(Stored dataset items)
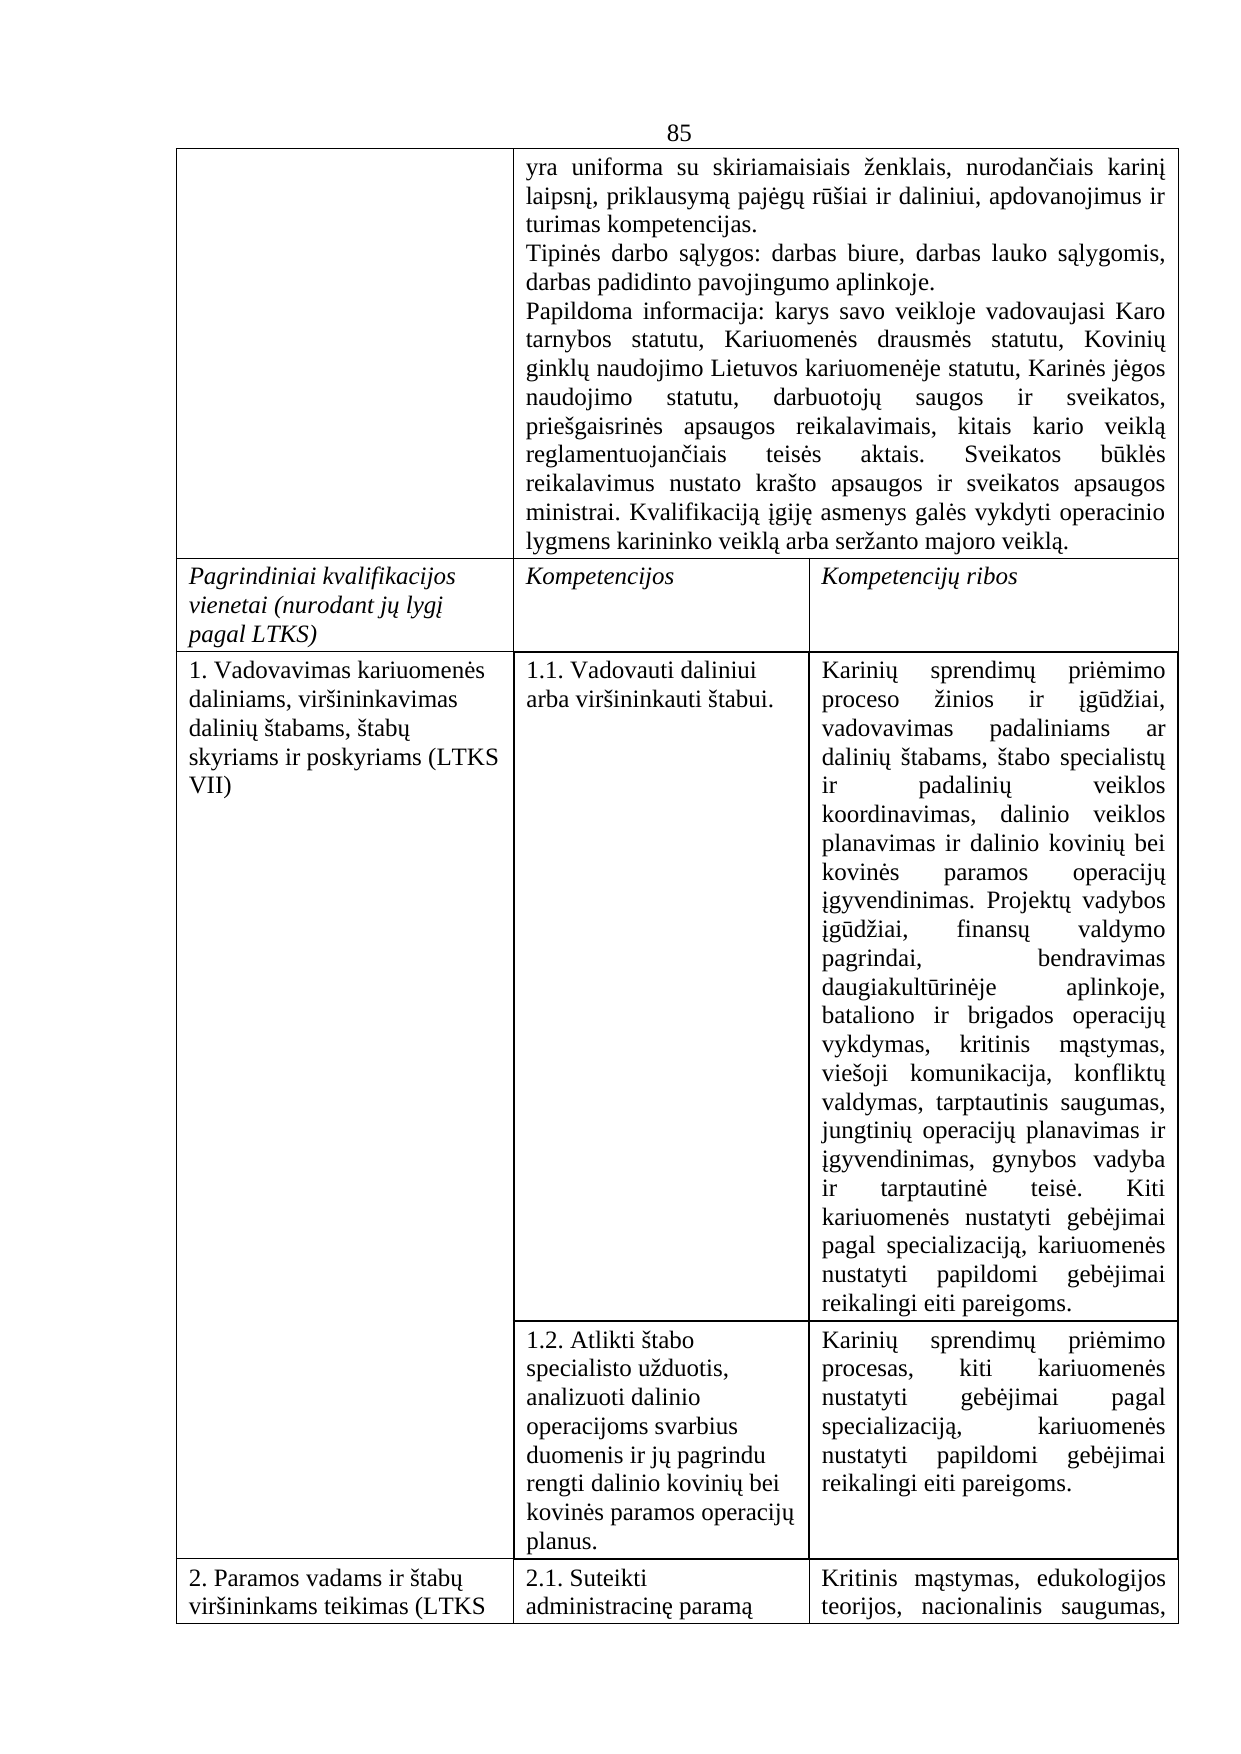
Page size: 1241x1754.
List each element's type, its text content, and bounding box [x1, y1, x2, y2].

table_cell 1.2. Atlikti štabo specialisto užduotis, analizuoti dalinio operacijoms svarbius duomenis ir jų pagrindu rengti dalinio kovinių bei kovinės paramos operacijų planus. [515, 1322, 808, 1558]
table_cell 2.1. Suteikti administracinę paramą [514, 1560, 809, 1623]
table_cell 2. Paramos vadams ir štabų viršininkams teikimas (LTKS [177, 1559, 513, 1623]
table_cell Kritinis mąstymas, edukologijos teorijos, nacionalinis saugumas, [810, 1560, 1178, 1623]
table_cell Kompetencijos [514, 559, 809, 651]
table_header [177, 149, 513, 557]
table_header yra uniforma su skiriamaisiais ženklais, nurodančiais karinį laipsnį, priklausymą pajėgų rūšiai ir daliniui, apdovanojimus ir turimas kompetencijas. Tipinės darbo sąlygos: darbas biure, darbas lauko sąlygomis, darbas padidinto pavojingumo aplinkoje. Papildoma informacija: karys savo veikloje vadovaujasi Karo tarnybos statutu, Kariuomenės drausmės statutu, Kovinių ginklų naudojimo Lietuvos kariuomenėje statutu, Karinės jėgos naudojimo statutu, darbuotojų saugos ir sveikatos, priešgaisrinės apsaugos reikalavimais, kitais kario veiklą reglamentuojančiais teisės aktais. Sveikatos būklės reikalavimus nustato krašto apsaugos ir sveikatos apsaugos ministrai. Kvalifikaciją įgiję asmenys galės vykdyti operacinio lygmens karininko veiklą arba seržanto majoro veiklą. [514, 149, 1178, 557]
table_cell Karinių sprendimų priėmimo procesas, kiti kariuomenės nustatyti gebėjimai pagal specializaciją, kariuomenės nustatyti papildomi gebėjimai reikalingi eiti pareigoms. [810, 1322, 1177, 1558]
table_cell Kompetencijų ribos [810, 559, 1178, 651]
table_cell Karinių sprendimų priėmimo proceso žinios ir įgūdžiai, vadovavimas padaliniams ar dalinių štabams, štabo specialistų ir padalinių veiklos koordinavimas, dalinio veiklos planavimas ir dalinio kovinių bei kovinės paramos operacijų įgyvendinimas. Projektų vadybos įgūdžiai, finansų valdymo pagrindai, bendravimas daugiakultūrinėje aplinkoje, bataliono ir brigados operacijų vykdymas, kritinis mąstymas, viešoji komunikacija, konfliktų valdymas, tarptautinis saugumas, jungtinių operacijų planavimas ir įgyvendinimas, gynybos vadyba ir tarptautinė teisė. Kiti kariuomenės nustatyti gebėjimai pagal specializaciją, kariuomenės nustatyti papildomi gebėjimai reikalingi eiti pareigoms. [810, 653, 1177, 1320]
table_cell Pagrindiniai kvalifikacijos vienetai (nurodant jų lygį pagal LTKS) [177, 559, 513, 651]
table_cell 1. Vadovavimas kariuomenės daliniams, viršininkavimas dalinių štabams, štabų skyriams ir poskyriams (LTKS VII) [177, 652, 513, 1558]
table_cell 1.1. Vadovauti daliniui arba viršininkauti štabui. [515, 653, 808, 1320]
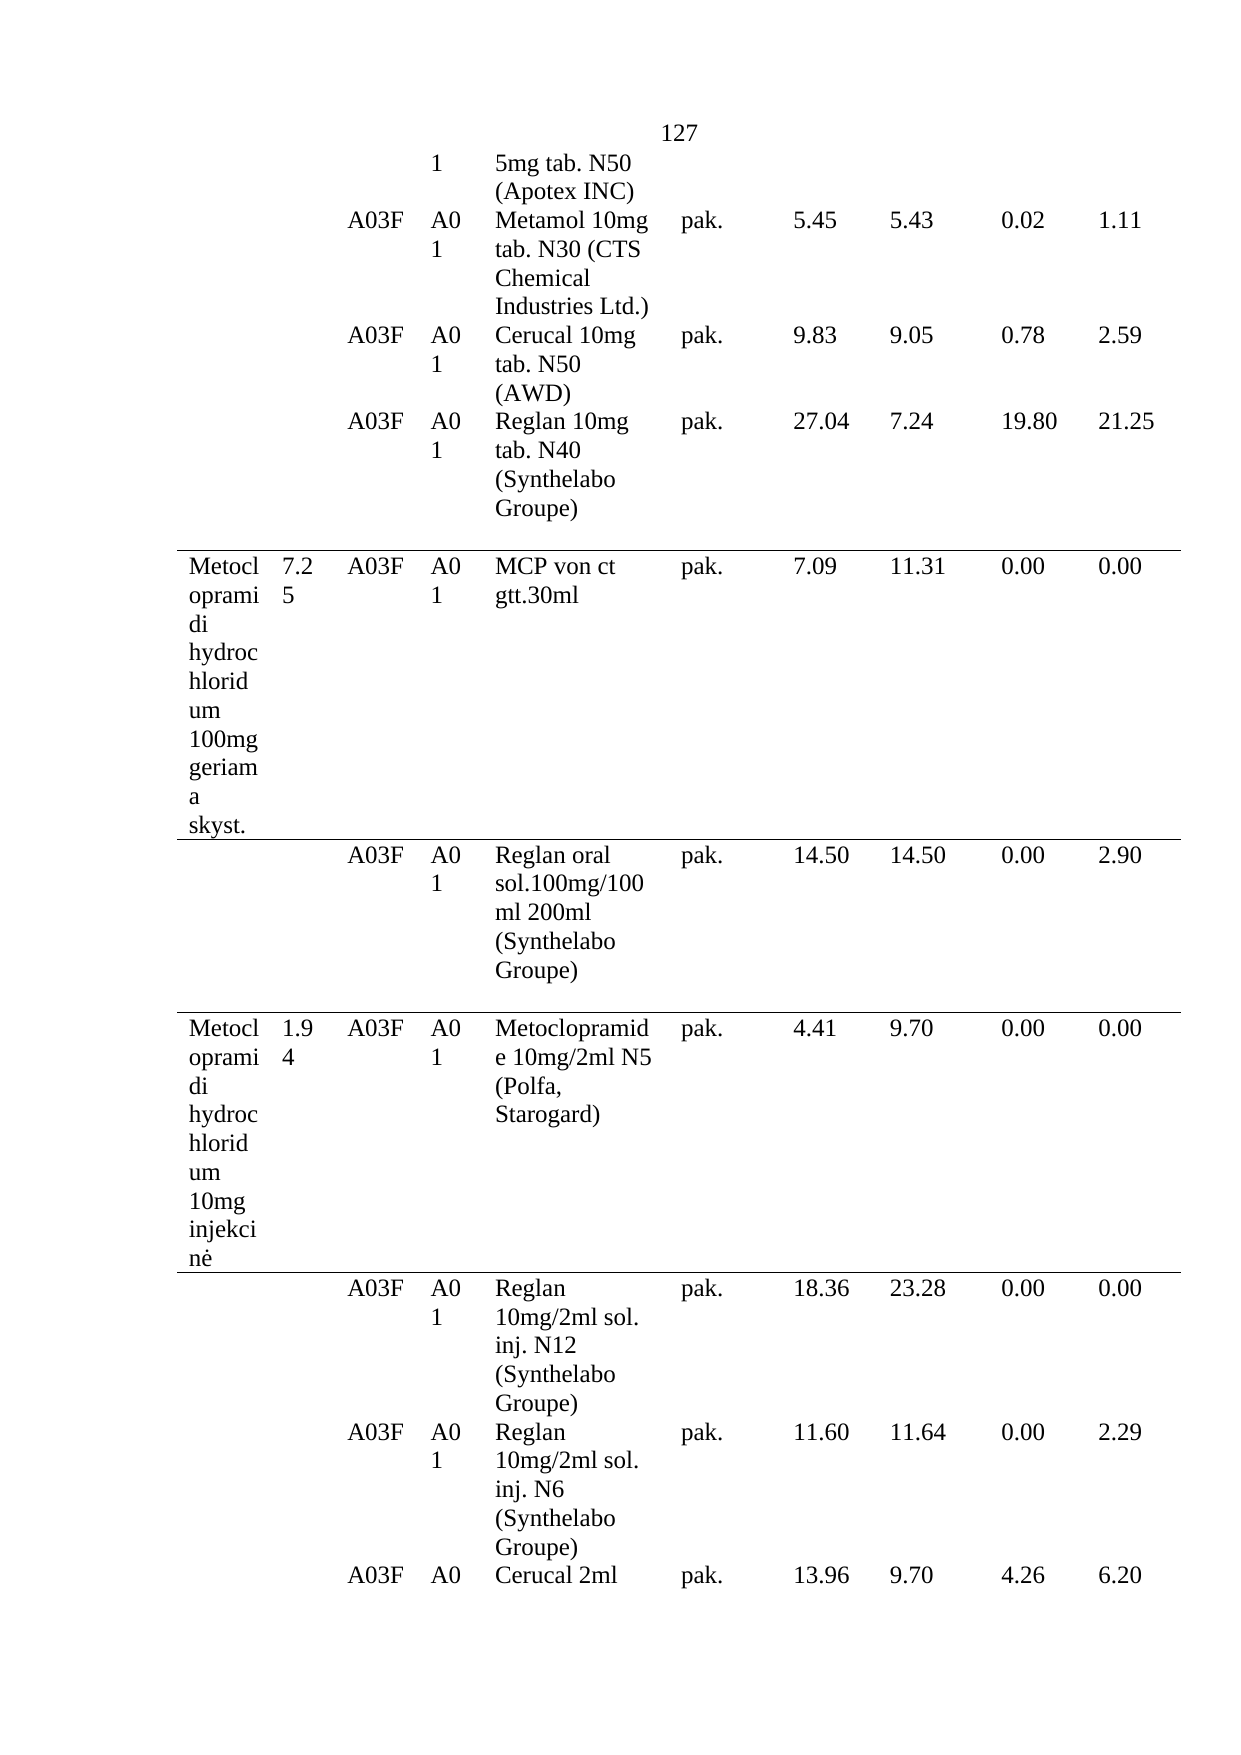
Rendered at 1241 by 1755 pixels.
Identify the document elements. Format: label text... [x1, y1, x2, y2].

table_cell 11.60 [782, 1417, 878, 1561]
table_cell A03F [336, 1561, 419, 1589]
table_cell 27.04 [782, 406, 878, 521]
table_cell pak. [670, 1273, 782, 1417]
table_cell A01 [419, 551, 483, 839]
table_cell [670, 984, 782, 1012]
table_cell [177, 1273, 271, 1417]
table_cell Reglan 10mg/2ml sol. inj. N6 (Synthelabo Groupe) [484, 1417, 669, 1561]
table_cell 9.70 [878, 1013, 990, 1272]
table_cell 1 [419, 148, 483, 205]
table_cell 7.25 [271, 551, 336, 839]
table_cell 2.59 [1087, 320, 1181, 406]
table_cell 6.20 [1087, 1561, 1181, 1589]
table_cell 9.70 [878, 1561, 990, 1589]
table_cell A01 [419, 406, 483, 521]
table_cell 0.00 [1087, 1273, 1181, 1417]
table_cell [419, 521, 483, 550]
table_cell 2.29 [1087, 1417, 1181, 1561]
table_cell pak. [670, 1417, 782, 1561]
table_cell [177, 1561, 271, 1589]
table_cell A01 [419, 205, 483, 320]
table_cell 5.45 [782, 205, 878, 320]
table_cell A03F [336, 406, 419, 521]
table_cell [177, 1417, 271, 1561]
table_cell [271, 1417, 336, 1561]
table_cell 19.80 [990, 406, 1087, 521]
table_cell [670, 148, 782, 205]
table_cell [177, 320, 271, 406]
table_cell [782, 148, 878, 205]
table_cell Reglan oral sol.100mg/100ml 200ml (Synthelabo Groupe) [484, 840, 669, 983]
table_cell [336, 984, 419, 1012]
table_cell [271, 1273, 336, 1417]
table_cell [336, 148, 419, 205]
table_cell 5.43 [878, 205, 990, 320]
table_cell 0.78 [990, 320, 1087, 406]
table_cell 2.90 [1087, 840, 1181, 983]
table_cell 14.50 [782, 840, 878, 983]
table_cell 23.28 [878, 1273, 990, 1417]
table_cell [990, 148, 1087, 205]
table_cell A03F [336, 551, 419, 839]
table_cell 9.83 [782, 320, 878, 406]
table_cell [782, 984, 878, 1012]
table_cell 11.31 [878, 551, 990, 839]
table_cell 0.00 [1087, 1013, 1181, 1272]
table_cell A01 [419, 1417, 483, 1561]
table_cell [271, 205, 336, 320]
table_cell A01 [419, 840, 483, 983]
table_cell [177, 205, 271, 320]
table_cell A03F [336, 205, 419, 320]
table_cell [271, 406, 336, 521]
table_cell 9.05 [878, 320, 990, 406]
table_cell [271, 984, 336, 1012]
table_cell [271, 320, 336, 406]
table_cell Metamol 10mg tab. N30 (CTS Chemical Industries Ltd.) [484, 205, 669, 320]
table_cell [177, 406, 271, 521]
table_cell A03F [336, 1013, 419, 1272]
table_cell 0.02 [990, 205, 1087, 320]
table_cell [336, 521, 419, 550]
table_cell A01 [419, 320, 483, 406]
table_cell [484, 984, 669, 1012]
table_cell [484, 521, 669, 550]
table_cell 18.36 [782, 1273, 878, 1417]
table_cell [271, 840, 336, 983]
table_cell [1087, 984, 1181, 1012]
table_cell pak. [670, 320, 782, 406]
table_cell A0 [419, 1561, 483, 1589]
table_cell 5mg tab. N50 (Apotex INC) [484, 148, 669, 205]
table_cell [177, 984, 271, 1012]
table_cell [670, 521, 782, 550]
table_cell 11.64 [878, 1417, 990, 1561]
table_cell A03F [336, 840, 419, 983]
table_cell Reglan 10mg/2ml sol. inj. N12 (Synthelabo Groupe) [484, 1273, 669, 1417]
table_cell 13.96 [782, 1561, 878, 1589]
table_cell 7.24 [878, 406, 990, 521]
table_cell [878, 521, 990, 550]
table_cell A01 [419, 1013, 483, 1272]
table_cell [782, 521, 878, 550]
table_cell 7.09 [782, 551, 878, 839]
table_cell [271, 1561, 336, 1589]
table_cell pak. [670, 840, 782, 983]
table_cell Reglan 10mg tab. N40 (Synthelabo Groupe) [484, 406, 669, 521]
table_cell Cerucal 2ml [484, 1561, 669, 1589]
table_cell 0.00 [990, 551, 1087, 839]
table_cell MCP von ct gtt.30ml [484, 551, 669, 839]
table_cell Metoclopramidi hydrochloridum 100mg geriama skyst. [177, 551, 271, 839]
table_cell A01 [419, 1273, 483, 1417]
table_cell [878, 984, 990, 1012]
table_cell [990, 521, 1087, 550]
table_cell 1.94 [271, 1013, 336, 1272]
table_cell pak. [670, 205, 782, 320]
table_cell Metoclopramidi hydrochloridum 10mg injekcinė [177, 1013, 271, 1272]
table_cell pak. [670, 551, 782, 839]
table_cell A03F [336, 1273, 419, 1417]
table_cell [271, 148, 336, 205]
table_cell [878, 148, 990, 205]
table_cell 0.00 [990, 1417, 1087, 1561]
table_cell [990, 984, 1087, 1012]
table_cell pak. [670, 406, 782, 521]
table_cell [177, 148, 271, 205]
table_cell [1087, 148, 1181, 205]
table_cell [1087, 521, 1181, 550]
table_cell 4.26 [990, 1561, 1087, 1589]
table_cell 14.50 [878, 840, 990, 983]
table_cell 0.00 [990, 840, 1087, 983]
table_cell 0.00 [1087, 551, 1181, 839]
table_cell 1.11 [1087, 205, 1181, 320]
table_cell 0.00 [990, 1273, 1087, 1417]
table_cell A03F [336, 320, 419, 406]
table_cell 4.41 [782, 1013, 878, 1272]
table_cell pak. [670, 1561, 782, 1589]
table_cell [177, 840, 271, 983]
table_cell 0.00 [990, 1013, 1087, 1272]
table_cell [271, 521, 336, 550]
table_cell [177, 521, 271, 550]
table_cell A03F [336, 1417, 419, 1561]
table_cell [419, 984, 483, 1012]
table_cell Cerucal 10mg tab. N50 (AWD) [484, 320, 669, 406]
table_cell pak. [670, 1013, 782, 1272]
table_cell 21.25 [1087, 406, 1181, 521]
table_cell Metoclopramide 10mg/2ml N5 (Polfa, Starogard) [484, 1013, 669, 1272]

◆ **Instructions for the task**
Repeat only the lines from the one holding "table_cell 1.11 [1087, 205, 1181, 320]" through the last line of the data.

◆ **Answer to this problem**
table_cell 1.11 [1087, 205, 1181, 320]
table_cell 0.00 [990, 1273, 1087, 1417]
table_cell A03F [336, 320, 419, 406]
table_cell 4.41 [782, 1013, 878, 1272]
table_cell pak. [670, 1561, 782, 1589]
table_cell [177, 840, 271, 983]
table_cell 0.00 [990, 1013, 1087, 1272]
table_cell [271, 521, 336, 550]
table_cell [177, 521, 271, 550]
table_cell A03F [336, 1417, 419, 1561]
table_cell [419, 984, 483, 1012]
table_cell Cerucal 10mg tab. N50 (AWD) [484, 320, 669, 406]
table_cell pak. [670, 1013, 782, 1272]
table_cell 21.25 [1087, 406, 1181, 521]
table_cell Metoclopramide 10mg/2ml N5 (Polfa, Starogard) [484, 1013, 669, 1272]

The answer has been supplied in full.